Harnsberger and Kent Ruffin, the director of the Historic Jackson Ward Foundation and a community representative to the Convention Centre Authority, hope that in light of the low estimates, money from the Convention Centre’s demolition fund could be used to move the houses.
“If the grant money does not come through, the people [involved] will sit down and evaluate options at that time. There is money in the budget for [moving the houses],” Ruffin says.
In addition, Ruffin and Harnsberger hope that they will succeed in a petition to extend Jackson Ward’s Old and Historic designation from 3rd Street to 4th Street. That will protect buildings that are threatened with being razed for parking lots.

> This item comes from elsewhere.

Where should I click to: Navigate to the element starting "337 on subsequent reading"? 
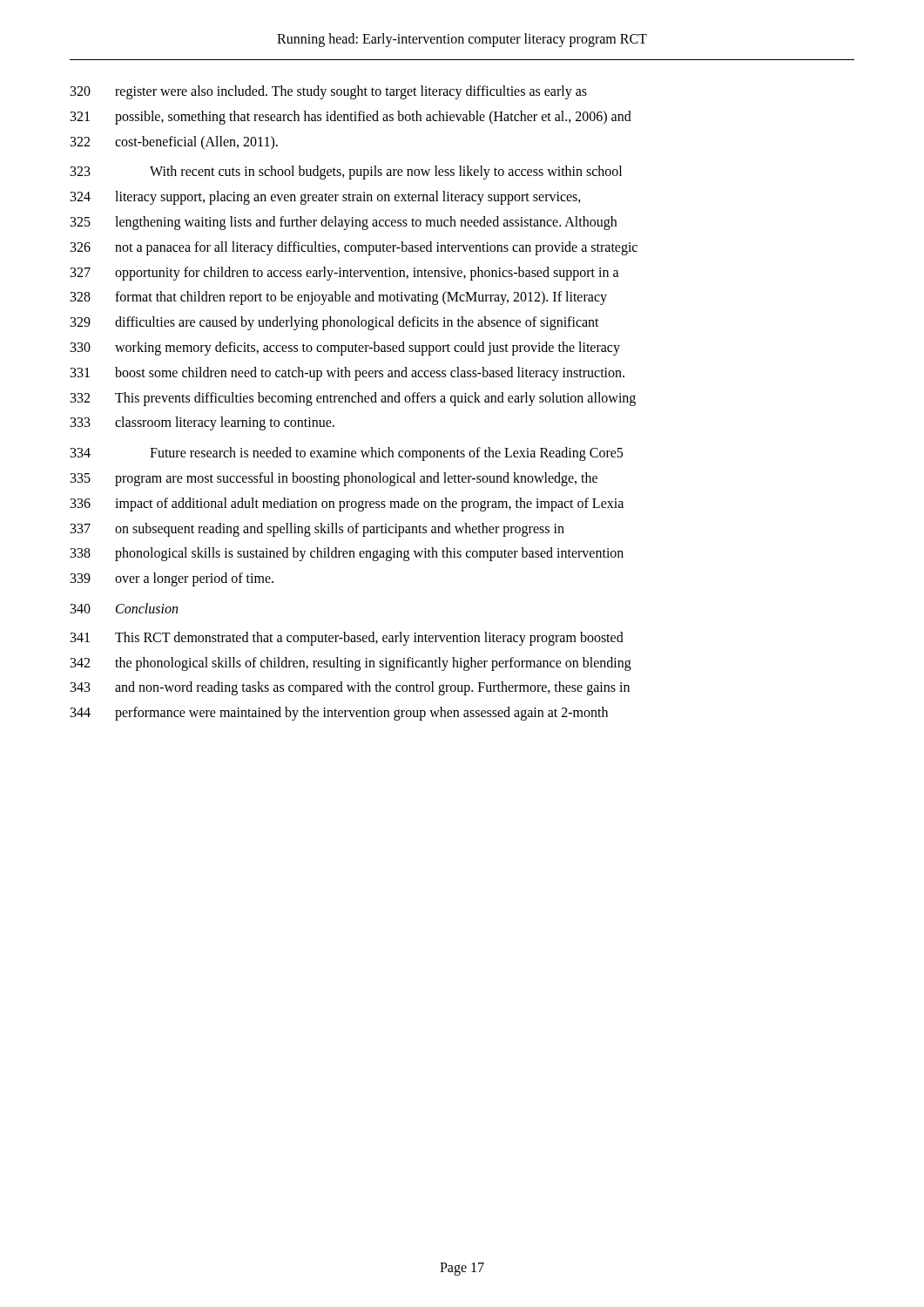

“The city and the preservation community must resolve this challenge in a way that preserves the buildings in this community,” Ruffin says. “This community is not replicable.” — M.S.
RELATED LINKS
Keep Legacy Campaign — Find out how you can help keep the show on the air.

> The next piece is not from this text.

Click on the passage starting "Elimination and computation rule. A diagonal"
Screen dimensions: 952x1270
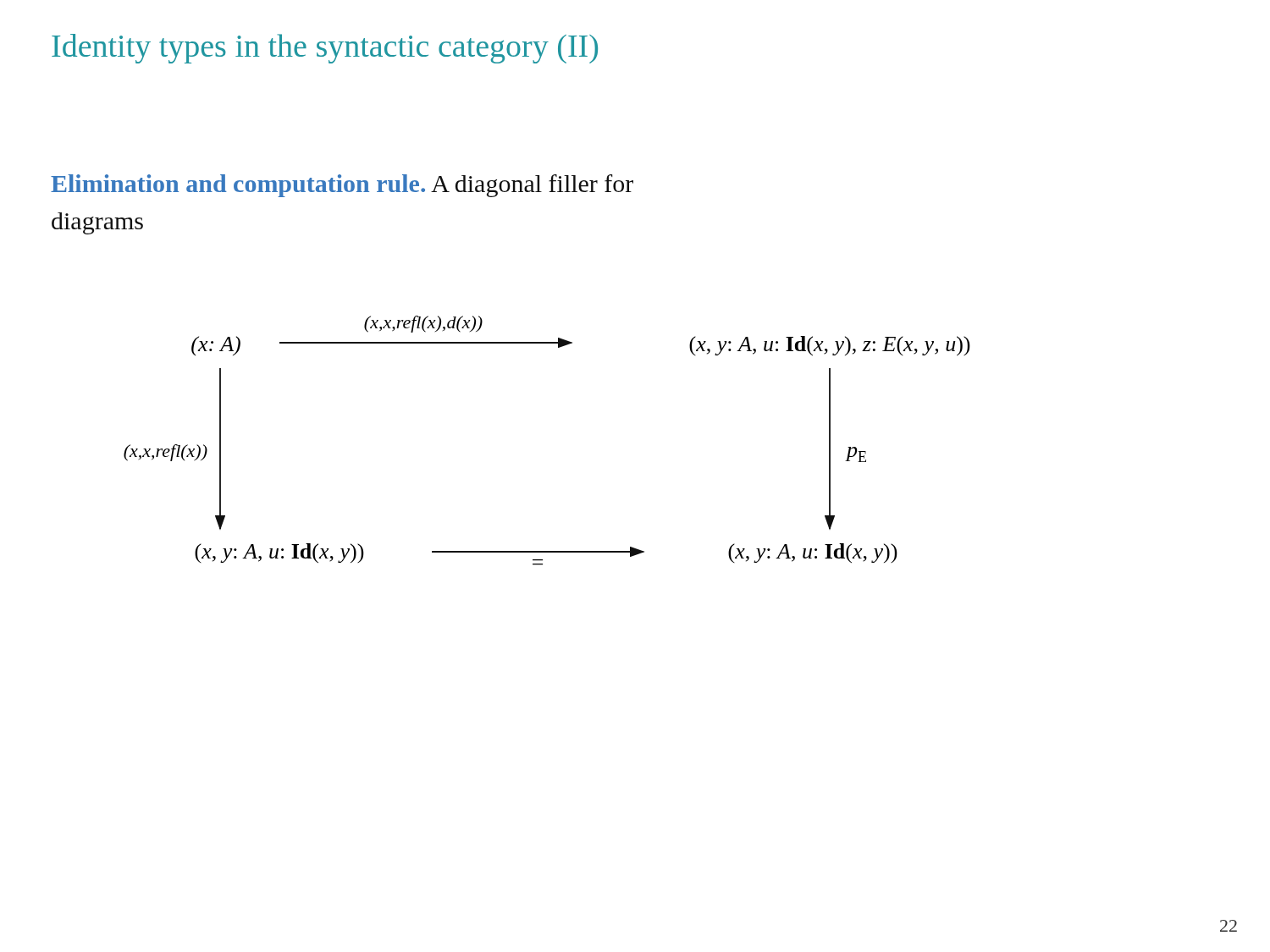tap(342, 202)

— The latest news and info.
What’s happening with “Legacy?”
Some Richmond actors who appear on the UPN television show wish they knew.
UPN has officially placed the show on hiatus, replacing its Friday night slot with “America’s Greatest Pets,” though some unaired shows may broadcast this summer. (The official “Legacy” Web site has been replaced with an ad for UPN’s animated Dilbert show.)
“Legacy,” a period soap opera set in post-Civil War Kentucky, debuted in October 1998 and is filmed in Richmond. Its producers are said to be shopping it around to other networks in case UPN drops it, as expected. Its rating haven’t been good but it has a small, loyal fan base, some of whom are organizing mail campaigns over the Internet to save the show.
“I’ve been champing at the bit wondering if anything is happening,” says local actress Bridget Gethins, who plays an Irish maid also named Bridget on “Legacy.”
Mark Joy, who plays Col. Griffith, a wealthy landowner, says, “If it isn’t picked up, it was a great ride while it lasted and there’s always been something else around the corner for me. I’ve sort of let go of it already.”
Gethins says she’s been hearing rumors that the producers were talking to NBC and she’s also heard rumors that the show wouldn’t film in Richmond anymore, but so far, they’re just rumors.
Though neither Gethins nor Joy remains very hopeful about the show’s future, they say they would return to the show if it were resurrected.
Says Joy: “I definitely think it has an audience and it has a place and if UPN or whoever would bring it back would just give it a chance, I think it would have several years of airtime.” — R.F.